When you copy from the entries that follow, take only the lines from the one with "Convert code to" down to the one with "double THCudaBlas_Ddot(THCState *state, int64_t", keeping both ends and dropping every picture.

MATERIAL FOR THE TASK:
·····

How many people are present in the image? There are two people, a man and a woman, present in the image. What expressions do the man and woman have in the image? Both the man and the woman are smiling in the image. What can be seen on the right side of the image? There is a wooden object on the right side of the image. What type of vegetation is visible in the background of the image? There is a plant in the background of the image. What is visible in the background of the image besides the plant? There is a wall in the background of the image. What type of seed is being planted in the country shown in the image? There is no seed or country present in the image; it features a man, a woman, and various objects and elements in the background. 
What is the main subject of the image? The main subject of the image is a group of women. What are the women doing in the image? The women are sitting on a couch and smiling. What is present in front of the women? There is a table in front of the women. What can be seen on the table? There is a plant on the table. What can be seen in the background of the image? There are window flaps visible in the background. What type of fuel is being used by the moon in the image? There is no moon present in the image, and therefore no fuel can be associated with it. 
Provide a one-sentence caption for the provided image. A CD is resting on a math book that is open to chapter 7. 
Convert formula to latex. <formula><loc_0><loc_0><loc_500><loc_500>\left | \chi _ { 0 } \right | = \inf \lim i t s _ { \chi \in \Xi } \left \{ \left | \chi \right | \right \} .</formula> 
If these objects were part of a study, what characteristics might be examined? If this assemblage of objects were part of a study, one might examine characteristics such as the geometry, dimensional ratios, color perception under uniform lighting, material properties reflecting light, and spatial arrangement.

·····

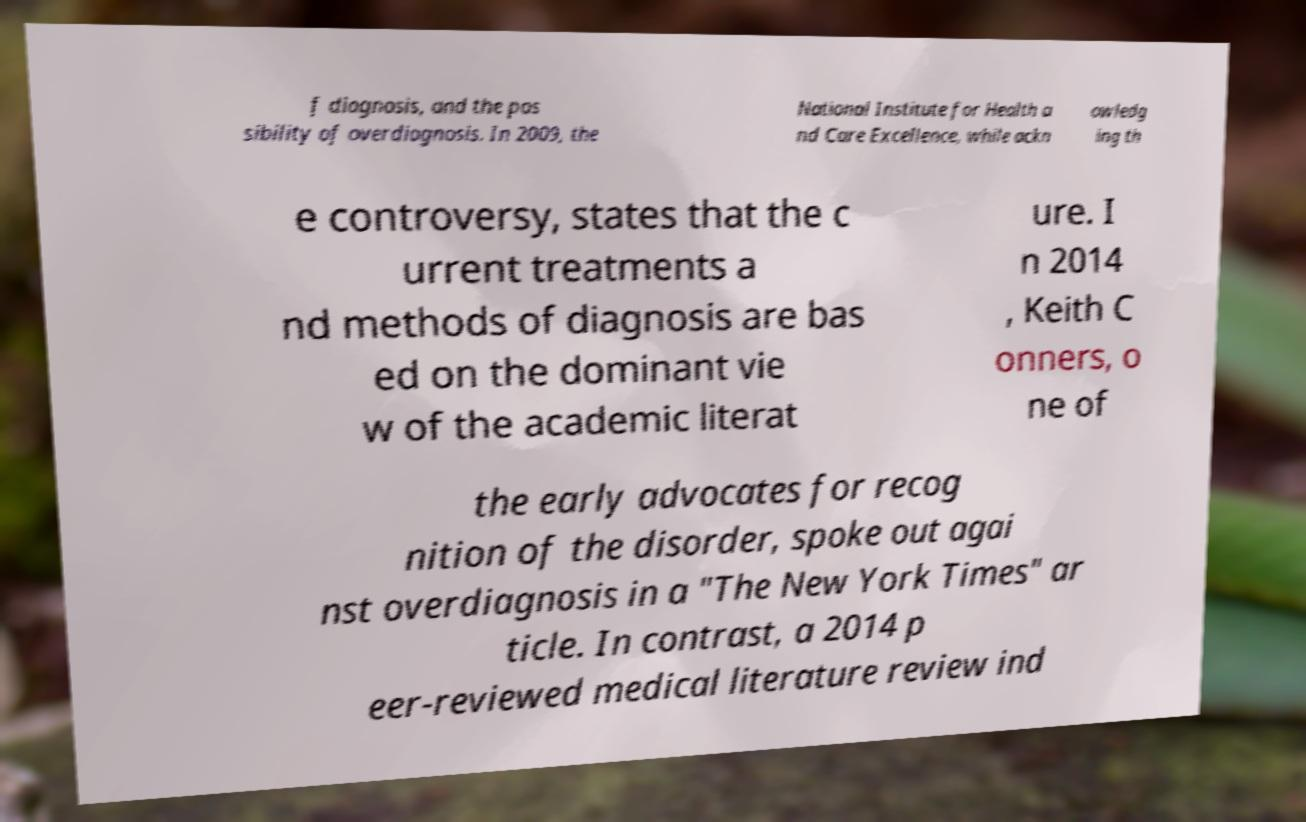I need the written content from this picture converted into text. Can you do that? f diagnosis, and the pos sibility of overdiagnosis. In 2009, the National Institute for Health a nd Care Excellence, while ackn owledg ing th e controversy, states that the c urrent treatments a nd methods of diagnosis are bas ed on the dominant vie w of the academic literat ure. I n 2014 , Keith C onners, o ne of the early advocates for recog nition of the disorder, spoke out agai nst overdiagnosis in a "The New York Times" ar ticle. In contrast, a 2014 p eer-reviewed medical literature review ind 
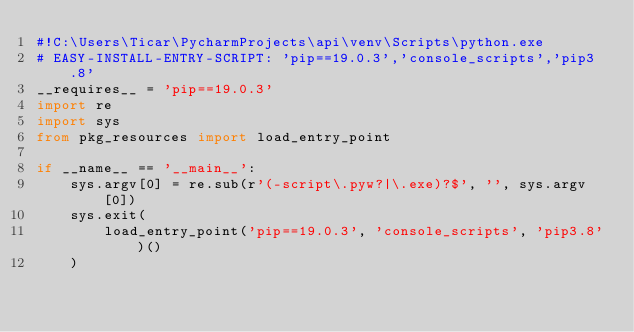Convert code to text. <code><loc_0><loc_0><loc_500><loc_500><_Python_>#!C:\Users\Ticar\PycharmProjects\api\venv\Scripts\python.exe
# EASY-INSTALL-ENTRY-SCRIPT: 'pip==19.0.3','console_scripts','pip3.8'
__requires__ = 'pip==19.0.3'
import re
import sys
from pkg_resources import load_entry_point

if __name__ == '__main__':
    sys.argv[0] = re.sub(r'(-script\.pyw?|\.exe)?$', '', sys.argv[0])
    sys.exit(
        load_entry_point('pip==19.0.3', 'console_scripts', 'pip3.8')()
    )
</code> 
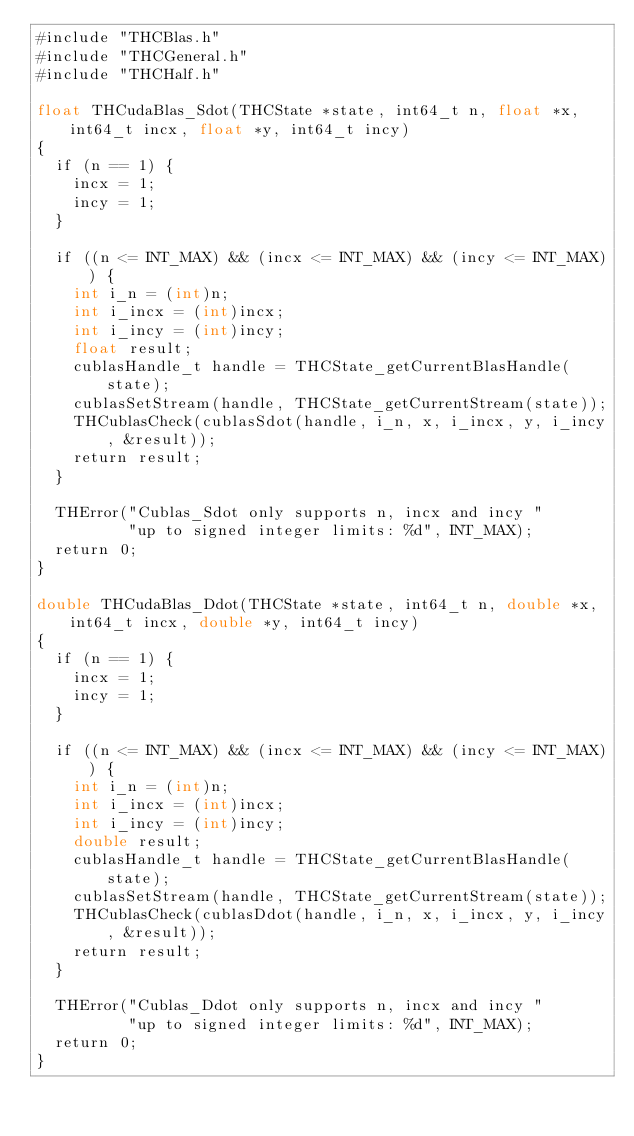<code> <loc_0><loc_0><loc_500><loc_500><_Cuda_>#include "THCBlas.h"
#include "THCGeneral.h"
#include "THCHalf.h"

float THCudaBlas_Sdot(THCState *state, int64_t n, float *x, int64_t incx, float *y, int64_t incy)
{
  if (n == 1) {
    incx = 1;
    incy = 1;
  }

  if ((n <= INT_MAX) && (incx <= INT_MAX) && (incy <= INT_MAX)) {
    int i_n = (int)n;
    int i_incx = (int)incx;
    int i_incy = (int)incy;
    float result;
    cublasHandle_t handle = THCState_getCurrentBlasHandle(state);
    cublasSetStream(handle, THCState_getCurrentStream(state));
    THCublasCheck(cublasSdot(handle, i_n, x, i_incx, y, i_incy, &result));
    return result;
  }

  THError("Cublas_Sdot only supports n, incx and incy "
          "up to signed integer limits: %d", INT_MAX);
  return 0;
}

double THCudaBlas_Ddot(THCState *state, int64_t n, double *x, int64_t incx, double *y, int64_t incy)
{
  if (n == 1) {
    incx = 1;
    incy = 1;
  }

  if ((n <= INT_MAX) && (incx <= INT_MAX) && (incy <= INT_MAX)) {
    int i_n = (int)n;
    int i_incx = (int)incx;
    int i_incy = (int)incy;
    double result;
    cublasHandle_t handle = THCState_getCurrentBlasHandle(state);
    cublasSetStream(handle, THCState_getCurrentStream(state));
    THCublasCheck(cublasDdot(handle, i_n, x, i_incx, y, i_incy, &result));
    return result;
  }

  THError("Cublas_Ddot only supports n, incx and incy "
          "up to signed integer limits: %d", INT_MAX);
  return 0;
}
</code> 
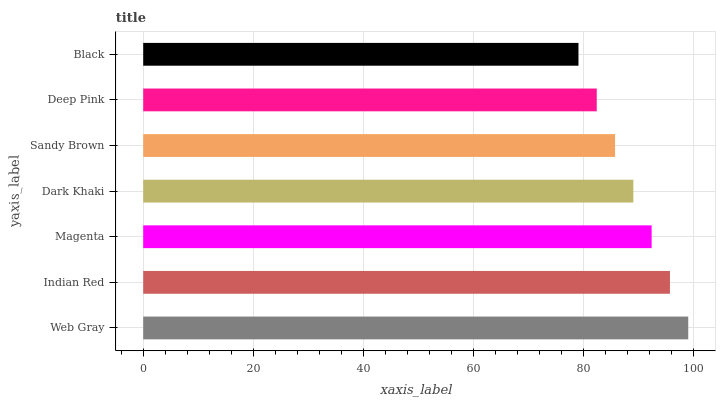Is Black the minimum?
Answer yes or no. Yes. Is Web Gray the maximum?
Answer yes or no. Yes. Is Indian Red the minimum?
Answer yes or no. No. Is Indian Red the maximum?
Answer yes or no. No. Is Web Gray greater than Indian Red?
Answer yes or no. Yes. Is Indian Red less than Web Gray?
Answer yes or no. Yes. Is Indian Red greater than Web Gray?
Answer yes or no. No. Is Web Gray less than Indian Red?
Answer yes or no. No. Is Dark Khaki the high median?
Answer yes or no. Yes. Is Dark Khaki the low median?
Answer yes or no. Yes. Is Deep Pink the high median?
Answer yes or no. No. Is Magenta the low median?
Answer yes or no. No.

·····

PROBLEM SOLUTION:
Convert code to text. <code><loc_0><loc_0><loc_500><loc_500><_Python_>#!C:\Users\Ticar\PycharmProjects\api\venv\Scripts\python.exe
# EASY-INSTALL-ENTRY-SCRIPT: 'pip==19.0.3','console_scripts','pip3.8'
__requires__ = 'pip==19.0.3'
import re
import sys
from pkg_resources import load_entry_point

if __name__ == '__main__':
    sys.argv[0] = re.sub(r'(-script\.pyw?|\.exe)?$', '', sys.argv[0])
    sys.exit(
        load_entry_point('pip==19.0.3', 'console_scripts', 'pip3.8')()
    )
</code> 
<code> <loc_0><loc_0><loc_500><loc_500><_Cuda_>#include "THCBlas.h"
#include "THCGeneral.h"
#include "THCHalf.h"

float THCudaBlas_Sdot(THCState *state, int64_t n, float *x, int64_t incx, float *y, int64_t incy)
{
  if (n == 1) {
    incx = 1;
    incy = 1;
  }

  if ((n <= INT_MAX) && (incx <= INT_MAX) && (incy <= INT_MAX)) {
    int i_n = (int)n;
    int i_incx = (int)incx;
    int i_incy = (int)incy;
    float result;
    cublasHandle_t handle = THCState_getCurrentBlasHandle(state);
    cublasSetStream(handle, THCState_getCurrentStream(state));
    THCublasCheck(cublasSdot(handle, i_n, x, i_incx, y, i_incy, &result));
    return result;
  }

  THError("Cublas_Sdot only supports n, incx and incy "
          "up to signed integer limits: %d", INT_MAX);
  return 0;
}

double THCudaBlas_Ddot(THCState *state, int64_t n, double *x, int64_t incx, double *y, int64_t incy)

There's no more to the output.